Ruling Protects Consensual Sex Sexual Misconduct Convictions Overturned; Married Couple’s Consensual Sex Can’t Be Regulated

Associated Press

The Idaho Court of Appeals has overturned two sexual misconduct convictions against a Kootenai County man, saying the state has no right to regulate private, consensual sexual relations between a married couple.

The ruling means that consensual anal and oral sex by a married couple, which has always been technically illegal in Idaho, may not be the basis of criminal charges.

But the ruling stresses that the ban does not apply if one partner is forced to take part.

David Holden, who was convicted in 1992 of sexually attacking his wife, won reversal of two convictions for committing an infamous crime against nature. However, it will do him little good.

He was sentenced to five to 25 years in prison for rape and forcible sexual penetration with a foreign object, and those convictions were upheld by the Court of Appeals on Thursday. All the prison terms were to run at the same time, so Holden won’t serve any less time.
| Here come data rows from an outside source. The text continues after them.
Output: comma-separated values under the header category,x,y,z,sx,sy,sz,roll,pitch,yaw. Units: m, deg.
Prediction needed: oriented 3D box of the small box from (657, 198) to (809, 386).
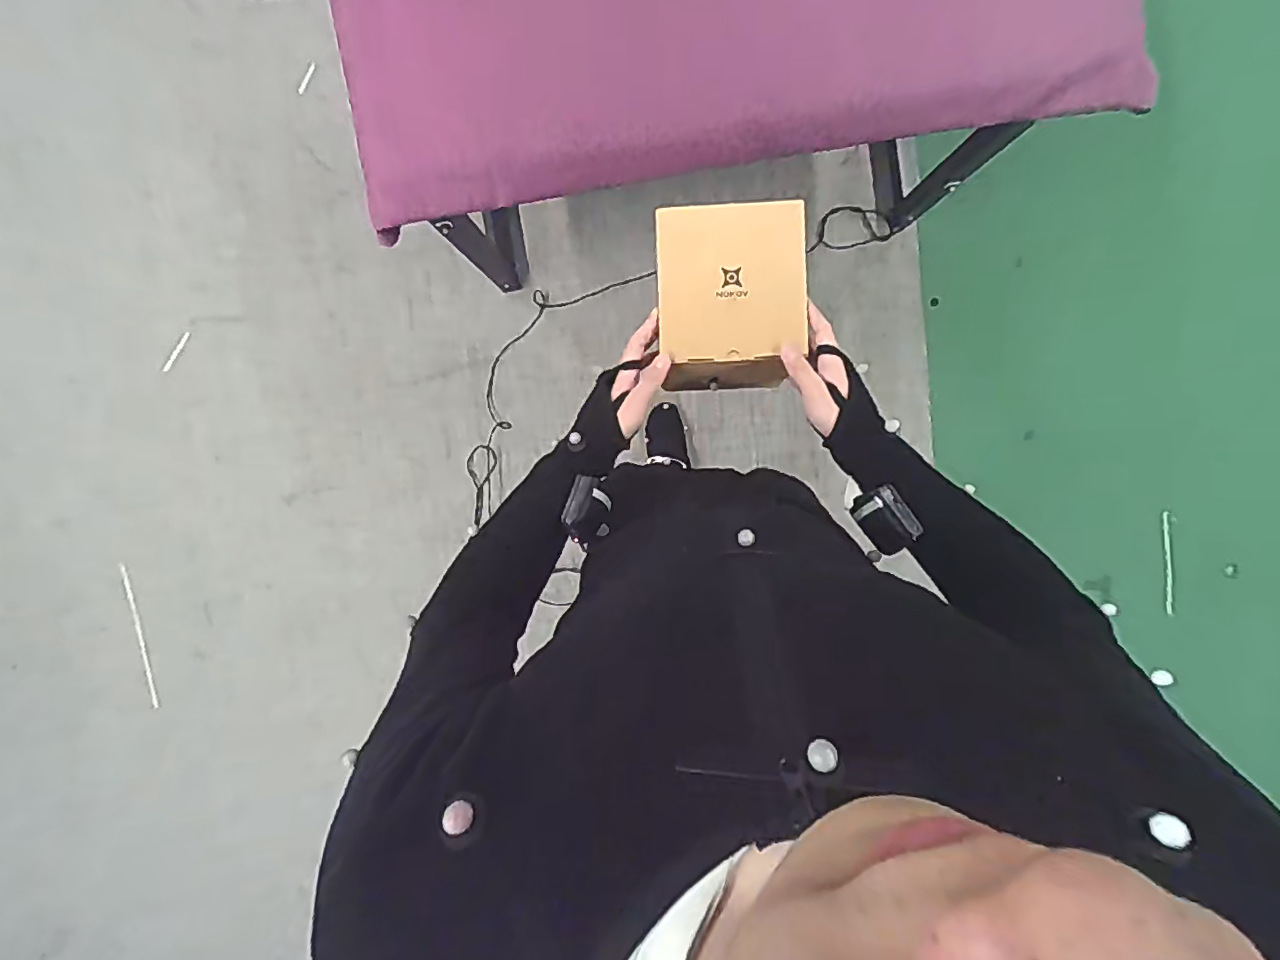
category,x,y,z,sx,sy,sz,roll,pitch,yaw
small box,0.105,-0.221,0.674,0.168,0.176,0.179,-2,91,4
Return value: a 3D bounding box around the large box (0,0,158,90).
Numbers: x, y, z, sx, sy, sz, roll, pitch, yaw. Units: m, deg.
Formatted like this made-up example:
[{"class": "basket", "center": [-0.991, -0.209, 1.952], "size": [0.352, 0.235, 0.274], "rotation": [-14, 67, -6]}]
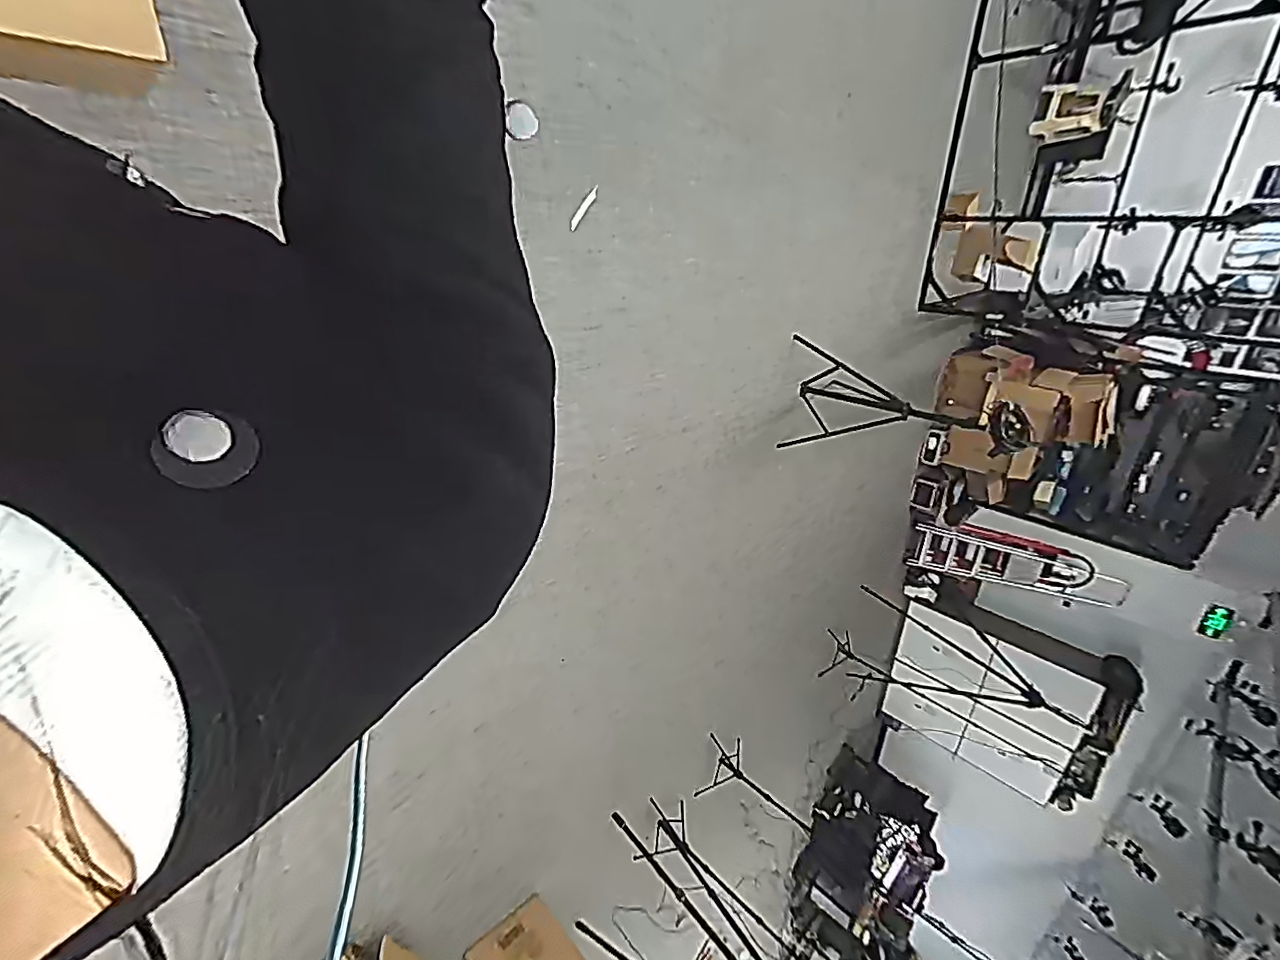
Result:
[{"class": "large box", "center": [-0.939, -0.735, 0.683], "size": [0.408, 0.320, 0.320], "rotation": [-22, 123, -41]}]
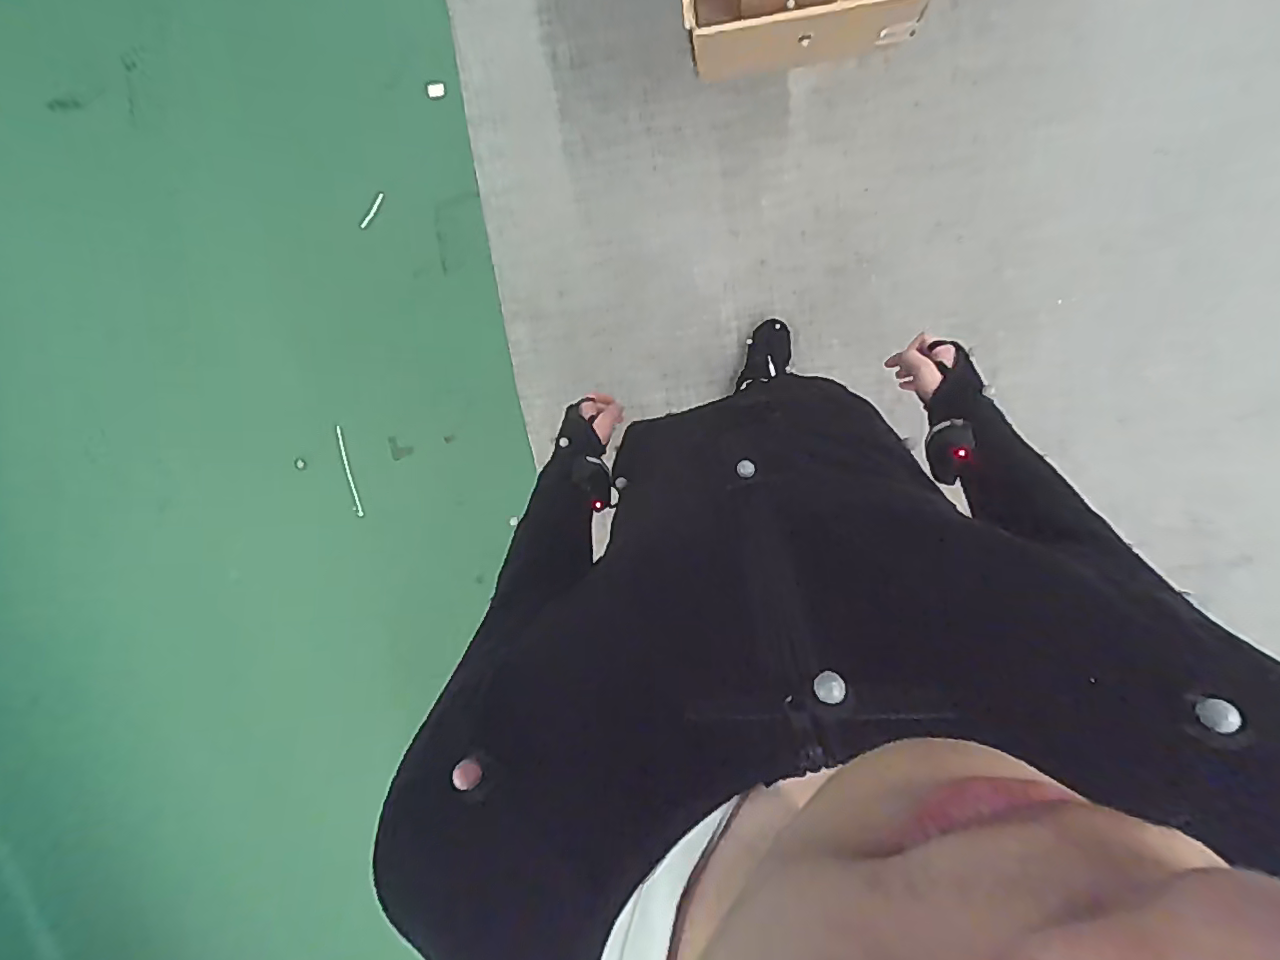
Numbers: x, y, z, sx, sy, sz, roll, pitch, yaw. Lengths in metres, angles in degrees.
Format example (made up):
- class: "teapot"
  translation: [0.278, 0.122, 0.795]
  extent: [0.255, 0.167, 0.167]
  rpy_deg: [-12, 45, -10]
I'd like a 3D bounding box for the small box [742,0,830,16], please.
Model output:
- class: "small box"
  translation: [0.243, -0.900, 0.863]
  extent: [0.168, 0.176, 0.179]
  rpy_deg: [-2, 104, 11]

In a unanimous decision written by Judge Karen Lansing, the court ruled that it was not proven that the wife was forced into some of the sexual acts she later complained about. Holden argued at trial that they were consensual.

The court ruled that since it was not shown that the wife was forced into acts that could be considered “infamous acts against nature,” oral and anal intercourse, the state law prohibiting that behavior is unconstitutional since it violates the privacy of a married couple.

“Accordingly, we can only conclude that Idaho’s statute prohibiting the infamous crime against nature may not be constitutionally enforced to prohibit private consensual marital conduct,” the court said.

The law has been on the books since the 1860s, when Idaho became a territory.

But the law wasn’t completely struck down. The court stressed that it applies only to consensual conduct between a married couple.

“We do not hold the statute invalid on its face and therefore unenforceable in all contexts,” the court said. “A statute that is overbroad in its scope and thereby abridges protected freedoms generally need not be stricken in its entirety.”